* _What needs to be done_
For each line below that holds the word "down", make a copy.

═══ Provided records

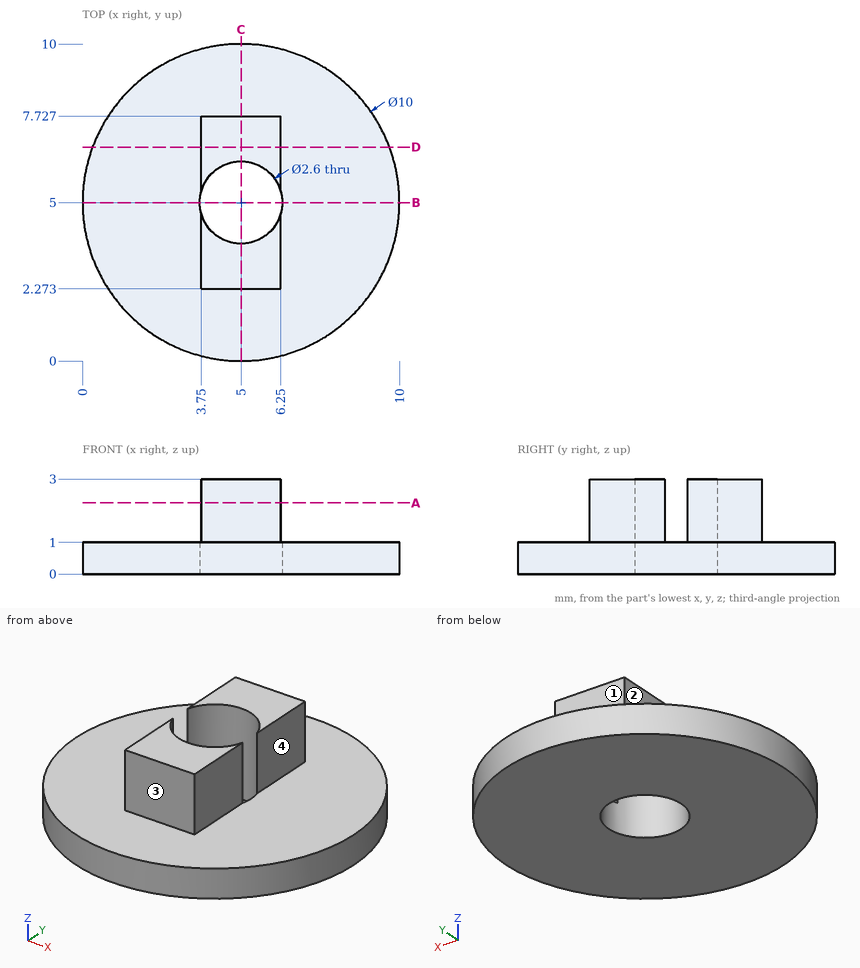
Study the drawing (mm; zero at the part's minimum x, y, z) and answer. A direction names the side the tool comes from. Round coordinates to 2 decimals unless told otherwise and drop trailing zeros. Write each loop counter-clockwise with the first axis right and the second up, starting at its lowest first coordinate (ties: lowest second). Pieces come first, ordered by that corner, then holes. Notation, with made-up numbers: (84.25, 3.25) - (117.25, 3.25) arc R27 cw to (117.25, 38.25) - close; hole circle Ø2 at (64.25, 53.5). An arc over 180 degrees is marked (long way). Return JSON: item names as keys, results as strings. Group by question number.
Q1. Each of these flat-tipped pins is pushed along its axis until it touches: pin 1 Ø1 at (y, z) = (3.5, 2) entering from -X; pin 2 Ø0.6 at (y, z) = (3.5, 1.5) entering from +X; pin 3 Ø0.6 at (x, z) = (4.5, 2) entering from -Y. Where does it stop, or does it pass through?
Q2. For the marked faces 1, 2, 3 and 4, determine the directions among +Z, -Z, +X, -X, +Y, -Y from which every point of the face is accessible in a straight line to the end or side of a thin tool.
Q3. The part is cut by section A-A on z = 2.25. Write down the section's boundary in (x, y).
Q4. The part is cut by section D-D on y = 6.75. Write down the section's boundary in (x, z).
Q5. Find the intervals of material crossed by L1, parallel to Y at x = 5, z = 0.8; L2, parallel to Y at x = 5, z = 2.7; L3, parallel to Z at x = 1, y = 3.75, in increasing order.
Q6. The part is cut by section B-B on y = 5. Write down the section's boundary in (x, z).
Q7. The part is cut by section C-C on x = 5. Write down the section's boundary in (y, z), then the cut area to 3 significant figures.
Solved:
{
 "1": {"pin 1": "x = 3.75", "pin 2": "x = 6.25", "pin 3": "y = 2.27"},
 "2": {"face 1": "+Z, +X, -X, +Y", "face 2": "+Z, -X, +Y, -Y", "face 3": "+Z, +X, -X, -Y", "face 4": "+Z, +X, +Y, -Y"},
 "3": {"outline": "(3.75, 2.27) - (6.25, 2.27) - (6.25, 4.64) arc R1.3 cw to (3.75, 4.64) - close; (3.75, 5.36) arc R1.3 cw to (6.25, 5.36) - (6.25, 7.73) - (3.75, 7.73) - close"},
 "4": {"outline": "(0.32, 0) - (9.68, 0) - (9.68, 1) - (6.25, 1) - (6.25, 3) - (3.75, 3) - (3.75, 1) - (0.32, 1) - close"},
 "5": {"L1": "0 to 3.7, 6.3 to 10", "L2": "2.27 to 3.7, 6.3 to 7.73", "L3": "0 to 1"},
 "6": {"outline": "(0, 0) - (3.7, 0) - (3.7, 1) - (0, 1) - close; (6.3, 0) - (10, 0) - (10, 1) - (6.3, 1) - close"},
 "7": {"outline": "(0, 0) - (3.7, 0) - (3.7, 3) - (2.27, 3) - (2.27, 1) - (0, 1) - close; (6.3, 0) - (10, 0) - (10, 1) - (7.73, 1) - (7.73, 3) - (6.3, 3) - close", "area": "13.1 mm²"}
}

══════

* _Task response_
Q3. The part is cut by section A-A on z = 2.25. Write down the section's boundary in (x, y).
Q4. The part is cut by section D-D on y = 6.75. Write down the section's boundary in (x, z).
Q6. The part is cut by section B-B on y = 5. Write down the section's boundary in (x, z).
Q7. The part is cut by section C-C on x = 5. Write down the section's boundary in (y, z), then the cut area to 3 significant figures.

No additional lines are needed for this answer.